Gotta love it! Lets hope we don't get rain afterwards this time.


Getting old? Never Jon, leaves lots of elbow room for us die hards, if we could only keep the drift boats out of the holes..... Just kidding Kelly!:lol:


----------



## Slodrift (Oct 28, 2006)

Here it comes CAPT., but looks like the "Trunk Slammers":lol: are going to get the brunt of this one.


----------



## Cedar Swamp (Oct 8, 2004)

Slodrift said:


> Here it comes CAPT., but looks like the "Trunk Slammers":lol: are going to get the brunt of this one.

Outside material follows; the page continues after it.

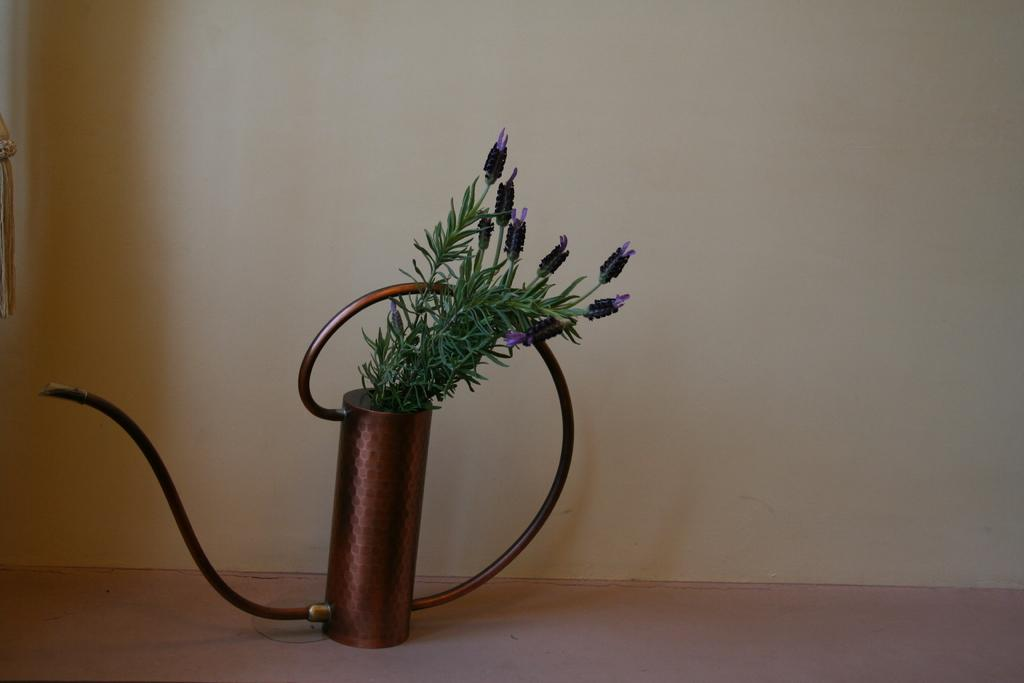What is the main object in the center of the image? There is an object in the center of the image. What type of vegetation can be seen in the image? There are plants in the image. What other object can be seen in the image? There is a pipe in the image. What part of the room is visible at the bottom of the image? The floor is visible at the bottom of the image. What can be seen in the background of the image? There is a wall in the background of the image. How many pizzas are being prepared on the workbench in the image? There is no workbench or pizzas present in the image.

Easy on the "Trunk Slammers" comment, I know what you drive and where you fish .. Soon to be slamming a trunk near you:lol: 

We are getting pelted, 5 inches of snow first, now freezing rain...Sure am glad I have the "Bus"..


----------



## Slodrift (Oct 28, 2006)

Cedar Swamp said:


> Easy on the "Trunk Slammers" comment, I know what you drive and where you fish .. Soon to be slamming a trunk near you:lol:
> 
> We are getting pelted, 5 inches of snow first, now freezing rain...Sure am glad I have the "Bus"..


When we say that we say it with LOVE!:lol::lol::lol::lol:


----------



## CAPT HEAVY (Nov 4, 2002)

Im a half block off the lake and we are getting torched! Hard to tell how much we actually have because things are blowing around so much. Slo, my cousin, a trunk slammer, said that he has over a foot. Hope it lets up soon im getting low on my drink of choice I thought that I would fish today but that is going to have to wait. It sounds like there is more white stuff coming on Sunday! Dreaming of Florida


----------



## Slodrift (Oct 28, 2006)

shorthair guy said:


> Hows the snow levels up there in Oscoda?
> would like to get up there if there isnt to much snow.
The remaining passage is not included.